Konjunktur-Ausblick
Wirtschaft muss noch auf die Wende warten

Morgen sind wir schon schlauer. Wenn das Bundeswirtschaftsministerium am Mittag die Daten zur Industrieproduktion im April veröffentlicht, ist zumindest klar, wie die deutsche Wirtschaft in das zweite Quartal gestartet ist. Bereits heute werden die Auftragseingänge und morgen früh die Exportzahlen für April veröffentlicht. Die drei wichtigsten harten Daten zur Lage der deutschen Wirtschaft liegen dann vor.

DÜSSELDORF. Leider sind weitere Dämpfer keineswegs ausgeschlossen. Gut möglich, dass die Industrieproduktion im zweiten Quartal abermals sinken wird, nicht zuletzt wegen des statistischen Unterhangs.

Dabei hat sich die gefühlte Wirtschaftsstimmung seit einigen Wochen verbessert. Die Börsen steigen, die Einkaufsmanager weltweit sind wieder zuversichtlicher, einige Großbanken melden Gewinne, und ein Großteil der Altlasten aus der Finanzkrise wird in Form von Staatsschulden auf die künftigen Steuerzahler abgeladen. Nur noch selten sind Vergleiche zur großen Depression Ende der 20er-Jahre zu lesen, und die gedruckten Hoffnungen auf eine Ende der Weltrezession mehren sich von Tag zu Tag. Doch ist der Spuk wirklich vorbei?

Nein – es sei denn, man fängt schon an zu frohlocken, wenn die Wirtschaftsleistung langsamer fällt als in den letzten beiden Quartalen. Denn tatsächlich wird das Bruttoinlandsprodukt wohl auch im zweiten Quartal fallen, trotz Nachholeffekten der Bauwirtschaft nach dem strengen Winter und milliardenschwerer Abwrackprämie, Steuerschecks für Eltern und Rückzahlungen von Pendlerpauschalen.

Der vor knapp vier Monaten vereinzelt geäußerte Optimismus, all diese Maßnahmen könnten der Konjunktur im Frühjahr über die Nulllinie helfen, muss wohl revidiert werden. Zu tief sind die Nachwehen des beispiellosen Einbruchs: Innerhalb von vier Quartalen sank die Wirtschaftsleistung Deutschlands um sieben Prozent. Das Bruttoinlandsprodukt ist heute etwa so groß wie gegen Ende der Gerhard-Schröder-Ära. Wir erinnern uns, da war die Stimmung im Lande alles andere als gut.

Dass das Konjunkturtal auch zur Mitte des zweiten Quartals noch nicht erreicht geschweige denn bereits durchschritten ist, zeigt die Lageeinschätzung der Wirtschaft: Mitte Mai schätzten die vom Ifo-Institut befragten Unternehmen ihre aktuelle Situation noch schlechter ein als einen Monat zuvor.
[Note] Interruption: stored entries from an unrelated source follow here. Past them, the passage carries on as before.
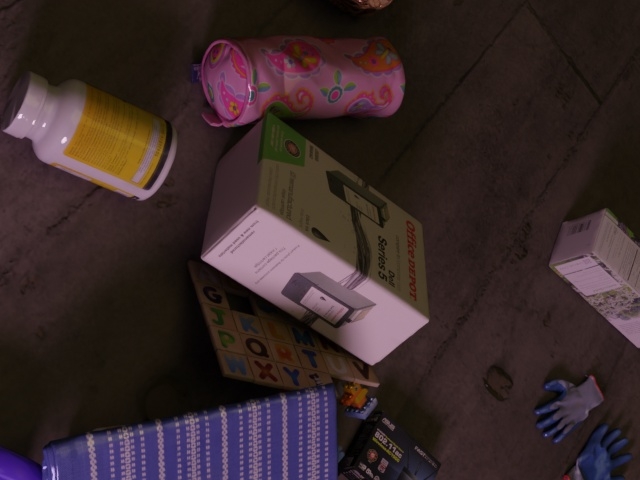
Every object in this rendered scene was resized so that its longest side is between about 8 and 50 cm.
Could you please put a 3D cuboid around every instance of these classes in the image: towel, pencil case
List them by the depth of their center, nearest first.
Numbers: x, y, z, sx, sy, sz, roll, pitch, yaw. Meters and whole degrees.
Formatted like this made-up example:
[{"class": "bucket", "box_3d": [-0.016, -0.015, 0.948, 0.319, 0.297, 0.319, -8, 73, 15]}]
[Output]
[{"class": "towel", "box_3d": [-0.133, 0.294, 1.233, 0.336, 0.040, 0.243, -8, 106, -28]}, {"class": "pencil case", "box_3d": [-0.023, -0.212, 1.513, 0.284, 0.124, 0.124, -9, 82, -37]}]

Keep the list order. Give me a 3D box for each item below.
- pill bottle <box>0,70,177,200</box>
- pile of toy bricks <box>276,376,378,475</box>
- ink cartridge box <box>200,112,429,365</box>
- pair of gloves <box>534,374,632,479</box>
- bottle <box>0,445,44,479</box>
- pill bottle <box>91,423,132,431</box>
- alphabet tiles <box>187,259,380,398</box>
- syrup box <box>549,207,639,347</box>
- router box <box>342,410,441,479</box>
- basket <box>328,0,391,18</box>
[{"class": "pill bottle", "box_3d": [-0.265, -0.123, 1.309, 0.184, 0.103, 0.103, 24, 63, -30]}, {"class": "pile of toy bricks", "box_3d": [-0.020, 0.211, 1.372, 0.212, 0.118, 0.105, -46, 124, -36]}, {"class": "ink cartridge box", "box_3d": [0.000, 0.000, 1.421, 0.273, 0.115, 0.198, 34, 33, -24]}, {"class": "pair of gloves", "box_3d": [0.400, 0.294, 1.732, 0.159, 0.023, 0.198, -25, 93, -39]}, {"class": "bottle", "box_3d": [-0.364, 0.337, 1.102, 0.118, 0.092, 0.282, 31, 60, -30]}, {"class": "pill bottle", "box_3d": [-0.221, 0.236, 1.258, 0.116, 0.065, 0.065, 0, 76, -36]}, {"class": "alphabet tiles", "box_3d": [-0.039, 0.116, 1.393, 0.237, 0.009, 0.198, 16, 31, -32]}, {"class": "syrup box", "box_3d": [0.484, 0.064, 1.818, 0.237, 0.093, 0.096, 39, 56, -21]}, {"class": "router box", "box_3d": [0.092, 0.296, 1.490, 0.122, 0.038, 0.092, 44, 54, -18]}, {"class": "basket", "box_3d": [0.026, -0.473, 1.641, 0.213, 0.223, 0.299, -38, 102, -4]}]

Und auch die bereits bekannten April-Auftragseingänge im Maschinenbau verheißen nichts Gutes für den Rest der Industrie: Deutschlands Vorzeigebranche verzeichnete 58 Prozent weniger Aufträge als im Jahr zuvor. Allenfalls der künstlich erzeugte Nachfrageboom nach Autos könnte die gesamten Industrieaufträge und -produktion in die Nähe der Nulllinie gedrückt haben. Ein V-förmiger Verlauf, der nach dem freien Fall einen rasanten Aufschwung widerspiegeln würde, ist nicht in Sicht.
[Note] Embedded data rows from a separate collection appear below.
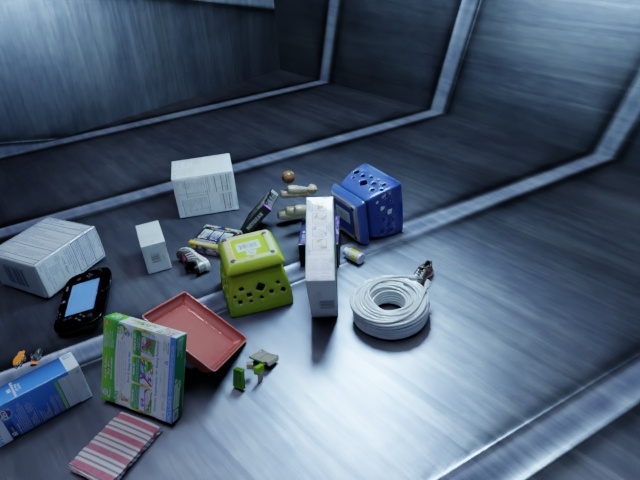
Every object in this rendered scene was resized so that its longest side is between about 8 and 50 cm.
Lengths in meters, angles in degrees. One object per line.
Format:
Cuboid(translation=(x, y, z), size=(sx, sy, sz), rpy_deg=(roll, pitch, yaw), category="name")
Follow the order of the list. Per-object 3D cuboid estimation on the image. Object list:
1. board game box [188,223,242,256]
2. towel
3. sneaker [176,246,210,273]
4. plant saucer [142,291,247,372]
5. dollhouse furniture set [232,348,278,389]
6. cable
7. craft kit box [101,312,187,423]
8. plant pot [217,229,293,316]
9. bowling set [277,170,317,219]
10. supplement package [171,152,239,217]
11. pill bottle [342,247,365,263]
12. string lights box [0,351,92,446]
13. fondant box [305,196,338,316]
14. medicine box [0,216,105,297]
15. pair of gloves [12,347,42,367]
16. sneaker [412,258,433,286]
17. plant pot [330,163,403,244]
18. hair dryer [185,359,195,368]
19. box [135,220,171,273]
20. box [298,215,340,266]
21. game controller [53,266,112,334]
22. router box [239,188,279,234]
Cuboid(translation=(-0.420, 0.002, 2.143), size=(0.170, 0.048, 0.141), rpy_deg=(11, 38, 20), category="board game box")
Cuboid(translation=(-0.527, 0.537, 1.374), size=(0.144, 0.029, 0.197), rpy_deg=(13, 35, 23), category="towel")
Cuboid(translation=(-0.499, 0.079, 2.019), size=(0.170, 0.063, 0.075), rpy_deg=(25, 37, 28), category="sneaker")
Cuboid(translation=(-0.374, 0.276, 1.583), size=(0.259, 0.047, 0.258), rpy_deg=(36, 16, 5), category="plant saucer")
Cuboid(translation=(-0.193, 0.382, 1.574), size=(0.076, 0.058, 0.152), rpy_deg=(9, 16, 31), category="dollhouse furniture set")
Cuboid(translation=(0.225, 0.211, 1.731), size=(0.257, 0.089, 0.257), rpy_deg=(4, 35, 13), category="cable")
Cuboid(translation=(-0.487, 0.347, 1.457), size=(0.247, 0.249, 0.061), rpy_deg=(11, 12, 18), category="craft kit box")
Cuboid(translation=(-0.234, 0.099, 1.838), size=(0.228, 0.207, 0.227), rpy_deg=(-14, 35, -13), category="plant pot")
Cuboid(translation=(-0.072, -0.187, 2.161), size=(0.154, 0.199, 0.287), rpy_deg=(-3, 1, -22), category="bowling set")
Cuboid(translation=(-0.518, -0.248, 2.391), size=(0.263, 0.198, 0.199), rpy_deg=(-10, 34, -8), category="supplement package")
Cuboid(translation=(0.124, 0.055, 2.012), size=(0.043, 0.043, 0.083), rpy_deg=(-31, 43, -34), category="pill bottle")
Cuboid(translation=(-0.781, 0.433, 1.455), size=(0.260, 0.133, 0.077), rpy_deg=(-27, 41, -31), category="string lights box")
Cuboid(translation=(0.006, 0.054, 1.762), size=(0.096, 0.238, 0.330), rpy_deg=(-3, 56, 2), category="fondant box")
Cuboid(translation=(-1.034, 0.055, 2.024), size=(0.264, 0.149, 0.289), rpy_deg=(10, 36, 25), category="medicine box")
Cuboid(translation=(-0.923, 0.369, 1.675), size=(0.083, 0.010, 0.074), rpy_deg=(-7, 34, -7), category="pair of gloves")
Cuboid(translation=(0.349, 0.117, 1.878), size=(0.061, 0.064, 0.158), rpy_deg=(17, 39, 28), category="sneaker")
Cuboid(translation=(0.177, -0.137, 2.137), size=(0.212, 0.235, 0.236), rpy_deg=(-28, 41, -22), category="plant pot")
Cuboid(translation=(-0.460, 0.338, 1.614), size=(0.224, 0.080, 0.293), rpy_deg=(14, 37, 26), category="hair dryer")
Cuboid(translation=(-0.646, 0.024, 2.057), size=(0.091, 0.130, 0.170), rpy_deg=(-16, 36, -17), category="box")
Cuboid(translation=(0.000, 0.000, 2.050), size=(0.153, 0.108, 0.207), rpy_deg=(-2, 34, 4), category="box")
Cuboid(translation=(-0.826, 0.206, 1.861), size=(0.167, 0.067, 0.319), rpy_deg=(-10, 34, -9), category="game controller")
Cuboid(translation=(-0.253, -0.116, 2.203), size=(0.046, 0.179, 0.133), rpy_deg=(38, 34, -14), category="router box")
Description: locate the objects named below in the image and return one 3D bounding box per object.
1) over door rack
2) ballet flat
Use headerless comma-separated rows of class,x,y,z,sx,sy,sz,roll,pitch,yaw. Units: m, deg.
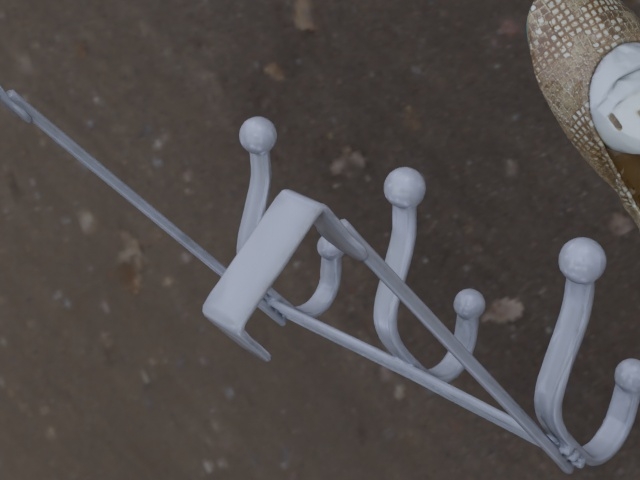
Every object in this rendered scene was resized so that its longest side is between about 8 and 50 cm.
over door rack,0.000,0.000,0.647,0.239,0.324,0.108,23,87,39
ballet flat,0.175,-0.042,0.673,0.206,0.073,0.067,53,172,-18
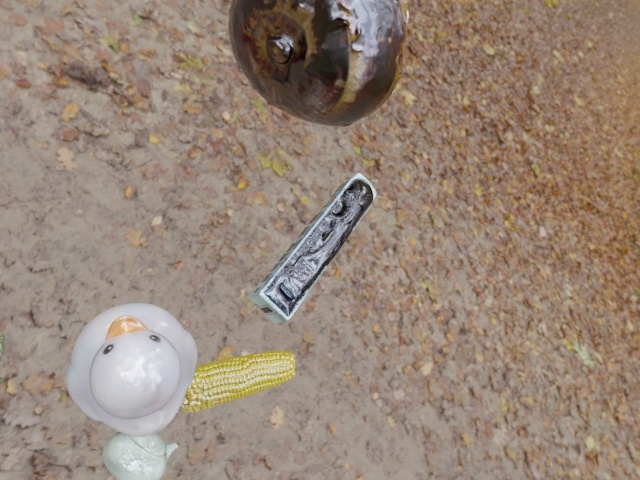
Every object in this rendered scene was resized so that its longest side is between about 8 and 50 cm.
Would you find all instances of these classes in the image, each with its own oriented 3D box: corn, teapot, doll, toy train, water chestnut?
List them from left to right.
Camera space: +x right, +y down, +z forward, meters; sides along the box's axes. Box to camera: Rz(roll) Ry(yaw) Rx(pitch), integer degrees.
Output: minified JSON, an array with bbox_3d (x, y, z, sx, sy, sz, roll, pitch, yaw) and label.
[{"bbox_3d":[-0.621,0.643,1.463,0.318,0.220,0.149,36,80,4],"label":"teapot"},{"bbox_3d":[-0.299,0.222,0.749,0.221,0.221,0.251,-25,123,-46],"label":"doll"},{"bbox_3d":[-0.202,0.329,1.100,0.305,0.106,0.106,-10,72,-27],"label":"corn"},{"bbox_3d":[0.000,0.000,0.513,0.043,0.047,0.207,47,58,-15],"label":"toy train"},{"bbox_3d":[0.009,-0.339,0.747,0.300,0.300,0.300,20,54,-31],"label":"water chestnut"}]

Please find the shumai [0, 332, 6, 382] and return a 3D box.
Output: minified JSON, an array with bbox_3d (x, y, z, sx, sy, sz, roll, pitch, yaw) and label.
[{"bbox_3d":[-0.559,0.205,0.761,0.083,0.082,0.080,-27,103,-18],"label":"shumai"}]
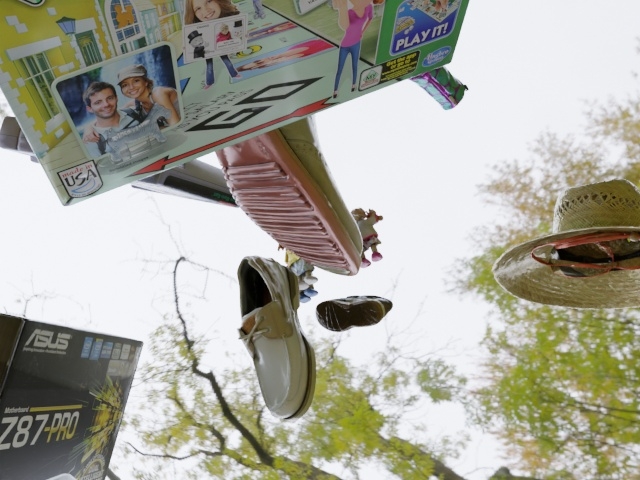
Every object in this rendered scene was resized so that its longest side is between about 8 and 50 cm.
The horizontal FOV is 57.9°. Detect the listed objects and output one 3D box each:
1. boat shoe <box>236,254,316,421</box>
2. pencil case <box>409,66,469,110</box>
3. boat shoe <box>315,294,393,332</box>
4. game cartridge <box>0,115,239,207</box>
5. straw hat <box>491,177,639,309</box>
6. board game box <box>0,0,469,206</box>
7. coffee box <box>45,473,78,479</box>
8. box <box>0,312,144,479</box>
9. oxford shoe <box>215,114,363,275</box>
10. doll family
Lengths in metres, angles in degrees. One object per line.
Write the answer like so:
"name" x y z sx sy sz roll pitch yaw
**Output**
"boat shoe" -0.088 0.152 0.957 0.103 0.113 0.302 31 -151 -36
"pencil case" 0.220 -0.307 1.109 0.151 0.064 0.070 20 -142 -47
"boat shoe" 0.054 0.118 0.943 0.049 0.152 0.056 -11 -87 -43
"game cartridge" -0.270 -0.109 0.902 0.230 0.355 0.068 16 -89 20
"straw hat" 0.179 -0.006 0.366 0.144 0.144 0.061 14 -115 -19
"board game box" -0.034 -0.155 0.342 0.317 0.213 0.046 -25 -117 -18
"coffee box" -0.150 0.345 0.177 0.334 0.337 0.338 31 -92 14
"box" -0.422 0.284 0.873 0.097 0.395 0.318 9 -104 8
"oxford shoe" -0.037 -0.119 0.630 0.146 0.140 0.397 -55 -47 -28
"doll family" 0.000 0.000 1.207 0.118 0.263 0.163 35 -148 -49

Der Sommer wird wohl zum Quartal der Wahrheit: Erst dann wird sich zeigen, ob die Stimmungsindikatoren, die seit einigen Wochen nach oben zeigen, wirklich zu einer echten Belebung führen. Behalten die Indikatoren recht, scheint es immerhin möglich, dass sich die Industrien weltweit aus ihrer Schockstarre befreien können, nicht zuletzt dank staatlicher Konjunkturprogramme und massiver Zinssenkungen. Bleiben dann die noch im Frühjahrsgutachten von den Wirtschaftsforschungsinstituten vorhergesagten neuerlichen Rückschläge im nächsten Winterhalbjahr aus, könnte sich 2010 tatsächlich so etwas wie ein neuer Aufschwung entwickeln.
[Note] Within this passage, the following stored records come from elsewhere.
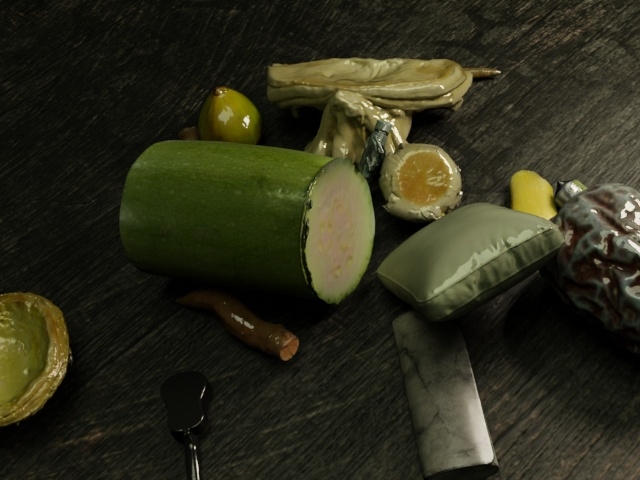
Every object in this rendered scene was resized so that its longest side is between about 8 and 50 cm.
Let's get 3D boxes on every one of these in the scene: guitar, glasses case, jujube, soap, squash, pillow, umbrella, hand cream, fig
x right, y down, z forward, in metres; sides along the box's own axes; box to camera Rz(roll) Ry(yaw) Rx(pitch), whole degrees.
[{"bbox_3d":[-0.211,0.331,1.440,0.084,0.038,0.271,-15,48,3],"label":"guitar"},{"bbox_3d":[0.191,0.238,1.408,0.114,0.060,0.299,-14,48,5],"label":"glasses case"},{"bbox_3d":[0.492,0.051,1.400,0.226,0.226,0.317,-32,56,-14],"label":"jujube"},{"bbox_3d":[0.392,-0.059,1.631,0.089,0.033,0.168,3,51,8],"label":"soap"},{"bbox_3d":[-0.125,-0.041,1.571,0.384,0.263,0.263,8,52,27],"label":"squash"},{"bbox_3d":[0.234,0.026,1.453,0.255,0.120,0.322,-31,12,-3],"label":"pillow"},{"bbox_3d":[0.093,-0.138,1.697,0.050,0.046,0.188,28,99,34],"label":"umbrella"},{"bbox_3d":[0.501,-0.024,1.570,0.086,0.055,0.235,-34,61,-14],"label":"hand cream"},{"bbox_3d":[-0.192,-0.244,1.880,0.136,0.121,0.153,-30,73,-19],"label":"fig"}]

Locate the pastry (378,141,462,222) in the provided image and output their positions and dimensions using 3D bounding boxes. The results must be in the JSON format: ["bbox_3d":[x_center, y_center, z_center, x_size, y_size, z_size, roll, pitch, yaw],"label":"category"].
[{"bbox_3d":[0.186,-0.107,1.661,0.165,0.088,0.166,-1,81,5],"label":"pastry"}]

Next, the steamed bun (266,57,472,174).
[{"bbox_3d":[0.086,-0.249,1.797,0.428,0.189,0.247,1,26,13],"label":"steamed bun"}]

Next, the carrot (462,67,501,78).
[{"bbox_3d":[0.258,-0.355,1.911,0.254,0.049,0.049,0,50,10],"label":"carrot"}]

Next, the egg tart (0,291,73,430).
[{"bbox_3d":[-0.562,0.224,1.564,0.294,0.123,0.294,-4,49,5],"label":"egg tart"}]

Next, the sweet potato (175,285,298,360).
[{"bbox_3d":[-0.151,0.134,1.578,0.281,0.067,0.059,29,40,35],"label":"sweet potato"}]

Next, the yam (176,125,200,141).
[{"bbox_3d":[-0.258,-0.156,1.858,0.056,0.057,0.241,-19,49,-3],"label":"yam"}]
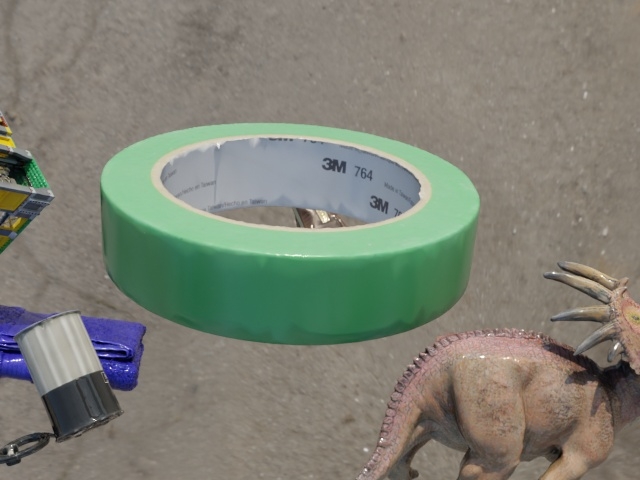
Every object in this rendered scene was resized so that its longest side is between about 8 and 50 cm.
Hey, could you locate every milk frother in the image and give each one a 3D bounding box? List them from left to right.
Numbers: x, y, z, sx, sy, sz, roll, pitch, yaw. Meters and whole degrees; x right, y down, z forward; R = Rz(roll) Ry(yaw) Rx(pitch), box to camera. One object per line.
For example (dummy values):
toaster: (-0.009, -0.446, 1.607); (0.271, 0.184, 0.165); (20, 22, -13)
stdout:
milk frother: (-0.326, 0.174, 1.064); (0.143, 0.129, 0.134); (-20, 79, -33)

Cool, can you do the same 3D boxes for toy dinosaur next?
toy dinosaur: (0.147, 0.105, 0.661); (0.296, 0.127, 0.200); (-2, 116, -18)

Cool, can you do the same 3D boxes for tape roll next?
tape roll: (-0.026, -0.021, 0.795); (0.321, 0.321, 0.077); (9, 114, 11)

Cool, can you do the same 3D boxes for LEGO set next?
LEGO set: (-0.569, -0.104, 1.344); (0.255, 0.192, 0.331); (-33, 70, 21)

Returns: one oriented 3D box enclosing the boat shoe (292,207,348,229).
boat shoe: (0.008, -0.002, 1.727); (0.095, 0.095, 0.257); (-12, 58, -9)

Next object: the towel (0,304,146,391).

Doch selbst wenn die deutsche Wirtschaft dann wieder mit rund 1,5 Prozent pro Jahr wachsen sollte, dauert es etwa vier Jahre, um den Verlust von einem Jahr Mega-Rezession wieder aufzuholen. Damit ist klar, dass Opel und Arcandor nicht die letzten Opfer der Krise sein werden. Die Folgen des Firmensterbens für Arbeitsmarkt und Staatsfinanzen werden bitter; die nächste Bundesregierung bekommt einiges zu tun.